Comment 12 Olivier Certner freebsd_committer freebsd_triage 2022-03-17 23:10:49 UTC
FYI, the stacks to all calls to arc4rand(om) (omitted) I see at boot on a custom kernel (which resembles GENERIC, but notably rules out IPv6):

__stack_chk_init
vnet_register_sysinit -> domain_init -> ip_init -> ipreass_init
vnet_register_sysinit -> domain_init -> tcp_init -> syncache_init
vnet_register_sysinit -> domain_init -> tcp_init -> tcp_hc_init
vnet_register_sysinit -> domain_init -> tcp_init -> tcp_fastopen_init
vnet_register_sysinit -> ipid_sysinit
fork_trampoline -> fork_exit -> start_init -> vfs_mountroot -> vfs_mount_alloc
fork_trampoline -> fork_exit -> start_init -> kern_execve -> exec_copyout_strings

After patching all these occurences, the system finishes booting and seems functional.
Comment 13 Olivier Certner freebsd_committer freebsd_triage 2022-03-18 00:06:18 UTC
This is on a relatively recent 13-STABLE. I'll repeat this process with CURRENT's GENERIC kernel when possible.

I'm wondering if it is possible, or even desirable, to initialize the seeds later on. I've not taken the time yet to figure out at which point in the boot TCP connections may be established, and I'm not sure it's not before KICK_SCHEDULER. Moreover, splitting the initialization code is a cognitive burden, so it would be best to avoid it (if possible).
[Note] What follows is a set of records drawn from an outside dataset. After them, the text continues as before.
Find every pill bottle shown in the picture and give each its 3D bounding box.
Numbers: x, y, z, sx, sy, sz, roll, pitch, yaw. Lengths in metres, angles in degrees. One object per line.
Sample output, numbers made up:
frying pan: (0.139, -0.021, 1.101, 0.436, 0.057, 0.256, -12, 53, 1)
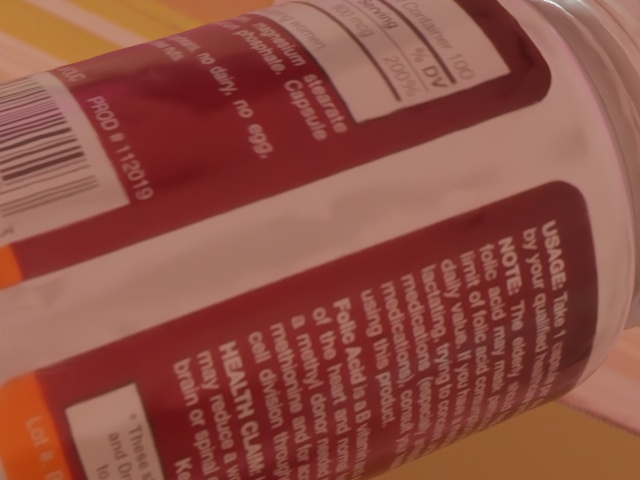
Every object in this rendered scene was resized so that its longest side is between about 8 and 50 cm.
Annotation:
pill bottle: (0.000, 0.000, 0.557, 0.392, 0.224, 0.224, -19, -108, -19)
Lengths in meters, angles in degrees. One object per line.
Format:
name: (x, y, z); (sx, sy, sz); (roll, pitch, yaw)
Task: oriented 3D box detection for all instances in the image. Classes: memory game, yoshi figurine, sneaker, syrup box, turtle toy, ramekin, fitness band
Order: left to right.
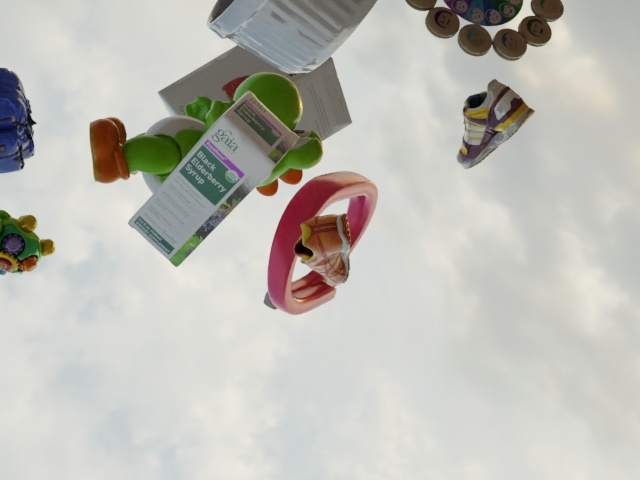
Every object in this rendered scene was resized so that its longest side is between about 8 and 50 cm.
turtle toy: (-0.438, 0.002, 1.413); (0.066, 0.095, 0.130); (-77, -29, -42)
yoshi figurine: (-0.177, -0.183, 1.614); (0.362, 0.203, 0.203); (-3, -122, -4)
syrup box: (-0.144, -0.080, 1.352); (0.093, 0.237, 0.096); (43, -146, -6)
ramekin: (-0.012, -0.265, 1.027); (0.109, 0.207, 0.207); (37, -137, -18)
fitness band: (0.000, 0.000, 1.489); (0.054, 0.209, 0.291); (25, -163, 19)
sneaker: (0.003, 0.009, 1.217); (0.067, 0.175, 0.064); (-6, -113, 1)
memory game: (0.171, -0.271, 1.072); (0.186, 0.012, 0.186); (5, -114, -12)
sneaker: (0.237, -0.173, 1.484); (0.084, 0.185, 0.069); (47, -119, 0)

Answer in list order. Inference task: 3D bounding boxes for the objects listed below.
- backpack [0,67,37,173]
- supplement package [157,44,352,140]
backpack: (-0.392, -0.144, 1.221); (0.098, 0.120, 0.101); (-13, -123, -17)
supplement package: (-0.120, -0.250, 1.908); (0.177, 0.293, 0.175); (50, 169, 39)

The last two stacks above correspond to random values that are generated each time a new FS is mounted/a process started. They happen after KICK_SCHEDULER. However, in my tests, I introduced code to make the kernel panic if, on the first call to the random dev, seeding doesn't happen within 10s (to catch the earlier stacks, where anyway no harvesting takes place, so the random calls block indefinitely). And I got panics indeed for these two stacks as well, so entropy isn't accumulating "fast enough" (would be interesting to see how long the calls would block before enough entropy is available; waiting tens of seconds might be tolerable at boot in some scenarios, but probably not much more).

If some entropy source could be made available very early, all these considerations and problems would be avoided.
Comment 14 Conrad Meyer freebsd_committer freebsd_triage 2022-03-18 03:55:05 UTC
Hey Olivier, this is great.  I think it's unlikely we need TCP connections before the scheduler is up.  Splitting the initialization code is not especially burdensome either.

> If some entropy source could be made available very early, all these considerations and problems would be avoided.

As mentioned briefly in comment #4, we could attempt to poll available random sources on demand, before the scheduler comes up.  This only works for builtin sources or drivers loaded by loader, though.